In the literature, one can find many works devoted to research on gas permeability through membranes made of Pebax^®2533 copolymer or its modifications [57,58,59,60,61,62,63,64,65,66,67,68,69]. Therefore, it may be interesting for the readers to compare the results in the literature and the results obtained in the research of this work on the Robeson charts [25,27]. Figure 11 shows the comparison of results in the literature obtained for the pure Pebax^®2533 polymer and its modifications with the authors’ results, with the influence of pressure (Figure 11A) and temperature (Figure 11B) on the process parameters of the membranes. The considerations are limited to one gas mixture, namely the CO₂/N₂ mixture.

4. Conclusions

On the basis of the considerations presented above regarding the influence of process parameters on the diffusivity and solubility of gases, it is possible to determine the reasons for the changes in permeability of the membranes tested to the selected gases.

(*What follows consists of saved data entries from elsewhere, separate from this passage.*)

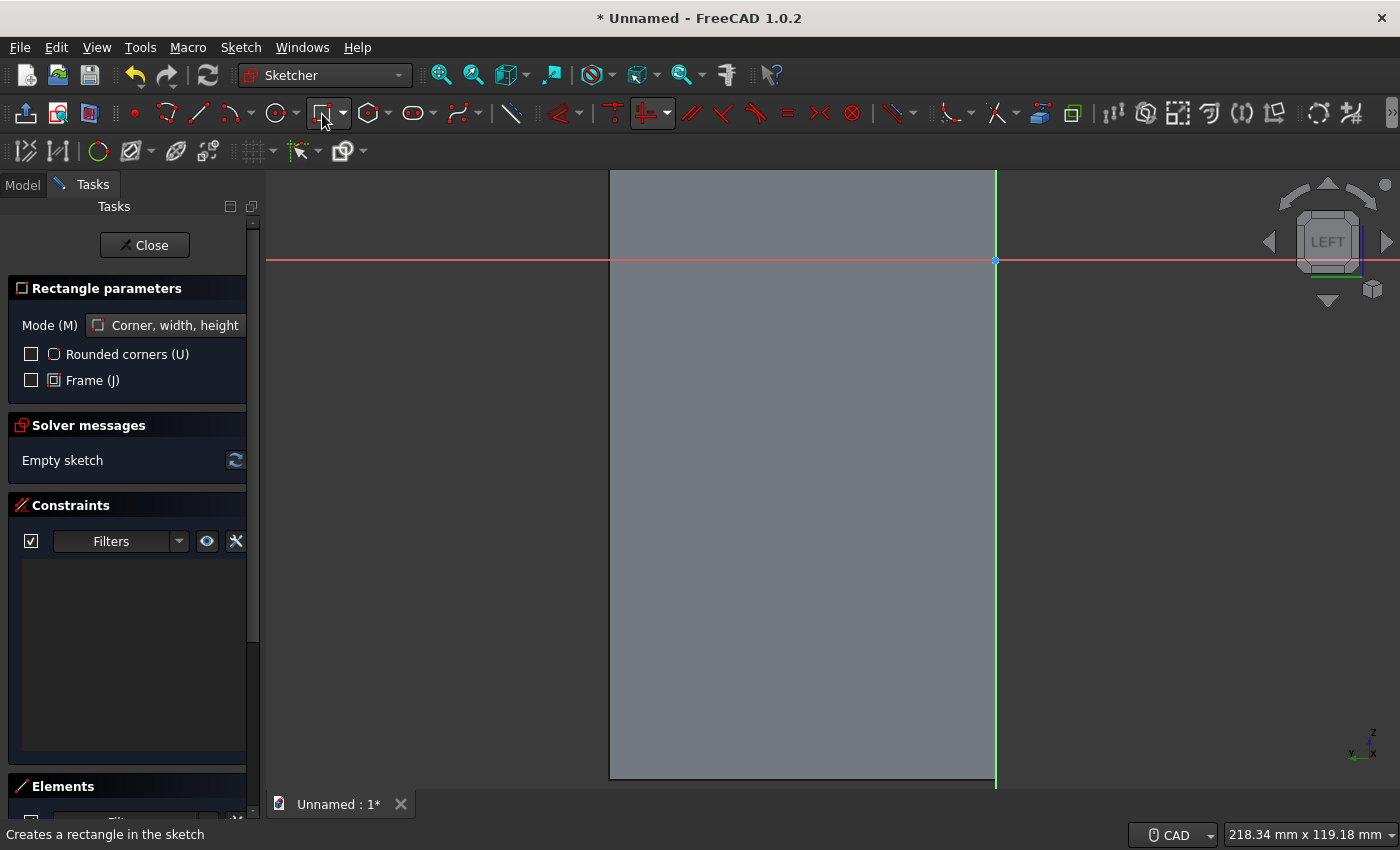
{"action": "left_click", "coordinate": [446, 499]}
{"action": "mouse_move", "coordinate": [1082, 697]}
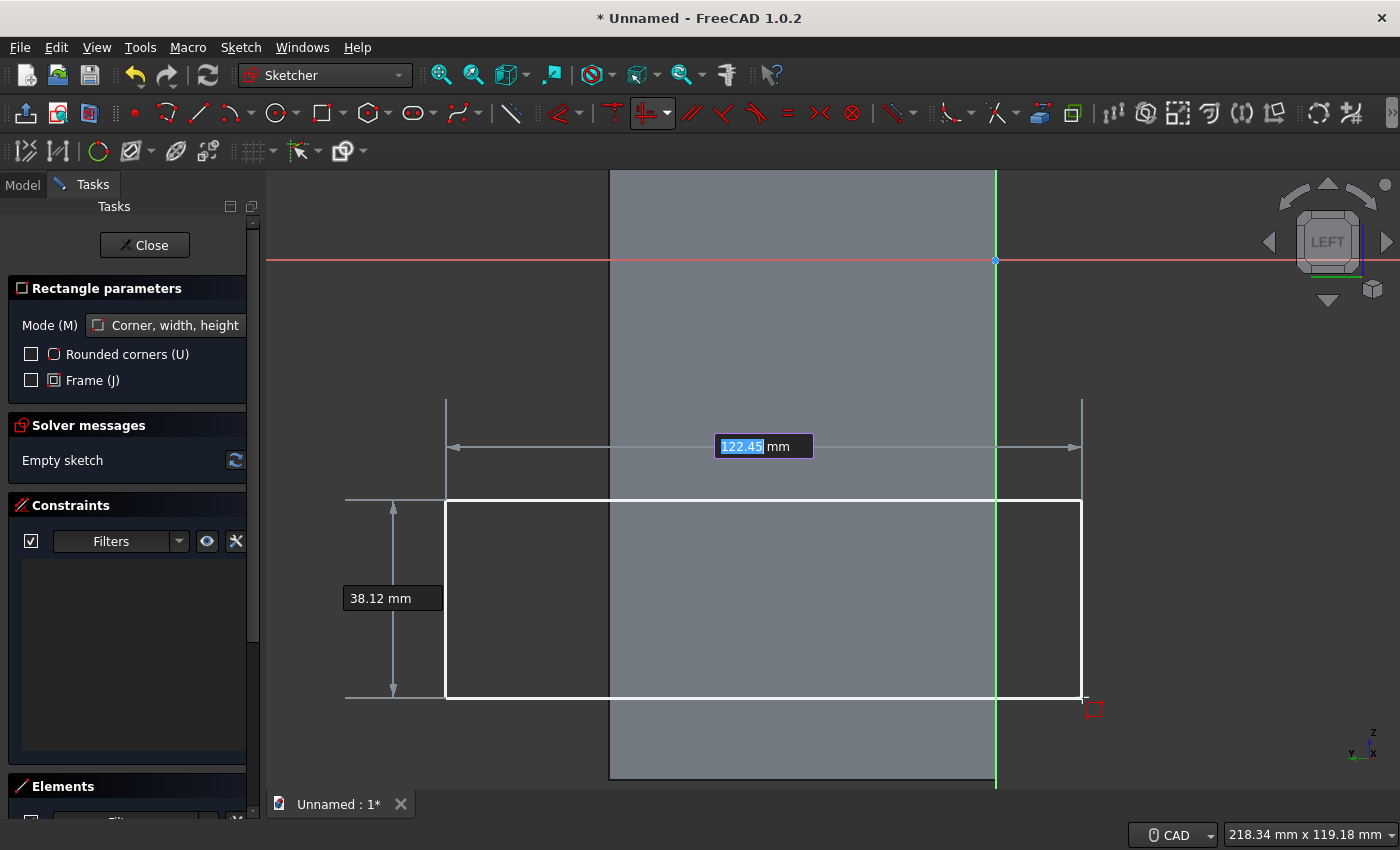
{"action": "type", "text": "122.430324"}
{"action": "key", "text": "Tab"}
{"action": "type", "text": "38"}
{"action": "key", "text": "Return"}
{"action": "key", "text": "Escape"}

The value of membrane permeability to gases is influenced by both diffusion coefficient and solubility. An increase in temperature positively increases diffusivity, but negatively affects solubility. An increase in pressure negatively increases diffusivity, but positively increases solubility.

In general, an increase in temperature improves the permeability of membranes, meaning that the effect of temperature on diffusivity in this case outweighs the effect of temperature on solubility. In contrast, an increase in pressure worsens membrane permeability to N₂ and CH₄ gases, while it slightly improves permeability to CO₂. For N₂ and CH₄ gases, the effect of temperature on diffusivity appeared to be greater than the effect of temperature on solubility. For CO₂, on the other hand, the effect of temperature on solubility appeared to be the prevailing effect, which is due to the properties of the gas rather than the membrane.